Supremo Tribunal Federal retoma análise de três ações penais envolvendo acusados com alegações de esquizofrenia, depressão e câncer; relator Alexandre de Moraes votou pela condenação

O Supremo Tribunal Federal (STF) retomou a análise de processos relacionados aos atos de 8 de janeiro de 2023 envolvendo três réus que apresentaram à Corte informações sobre problemas de saúde, entre eles esquizofrenia, depressão e câncer. Os casos voltaram à pauta do plenário virtual, onde os ministros analisam as ações penais referentes à invasão e depredação das sedes dos Três Poderes, em Brasília.

Nos processos em julgamento, as defesas sustentam que os acusados enfrentam graves condições de saúde e argumentam que esses fatores devem ser considerados durante a análise da responsabilidade penal e da dosimetria das penas. Entre os documentos apresentados constam laudos médicos que apontam diagnósticos de esquizofrenia, depressão e tratamento oncológico.

Relator das ações penais, o ministro Alexandre de Moraes apresentou voto pela condenação dos três réus, entendendo que as provas reunidas nos processos demonstram a participação dos acusados nos atos criminosos praticados em 8 de janeiro. O voto segue a linha adotada em outros julgamentos relacionados aos ataques às sedes do Congresso Nacional, do Palácio do Planalto e do Supremo Tribunal Federal.

A análise ocorre no plenário virtual, modalidade em que os ministros registram seus votos eletronicamente dentro do prazo estabelecido. Até o encerramento do julgamento, os demais integrantes da Corte ainda podem acompanhar o relator, apresentar divergências ou solicitar destaque para que o caso seja levado ao plenário físico.

As condições de saúde apresentadas pelas defesas não impedem, por si só, a responsabilização criminal, cabendo ao STF avaliar se tais circunstâncias influenciam aspectos como a capacidade de entendimento dos acusados no momento dos fatos, eventual redução de pena ou o cumprimento da sanção. Cada processo é analisado individualmente, conforme as provas constantes nos autos e os argumentos apresentados pelas partes.

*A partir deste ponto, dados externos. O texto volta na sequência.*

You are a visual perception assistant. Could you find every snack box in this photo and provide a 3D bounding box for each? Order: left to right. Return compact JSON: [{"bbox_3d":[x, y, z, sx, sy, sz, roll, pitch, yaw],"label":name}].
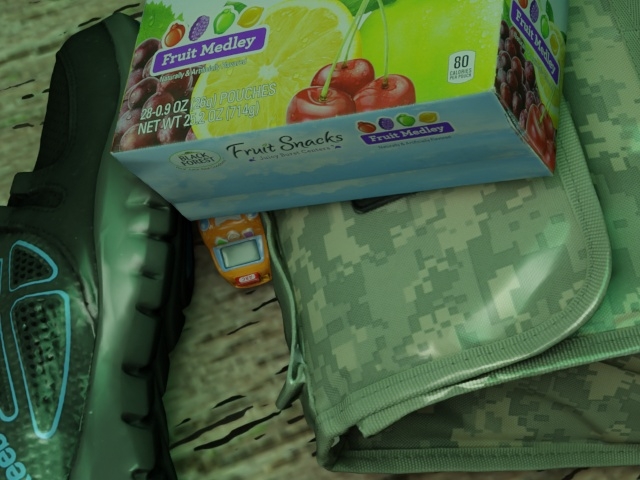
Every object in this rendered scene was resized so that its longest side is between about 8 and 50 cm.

Os julgamentos dos envolvidos nos atos de 8 de janeiro seguem em andamento no Supremo, que já condenou centenas de participantes pelos crimes relacionados à invasão e depredação dos prédios públicos. As decisões têm sido tomadas caso a caso, considerando o grau de participação de cada acusado e os elementos probatórios reunidos durante a instrução processual.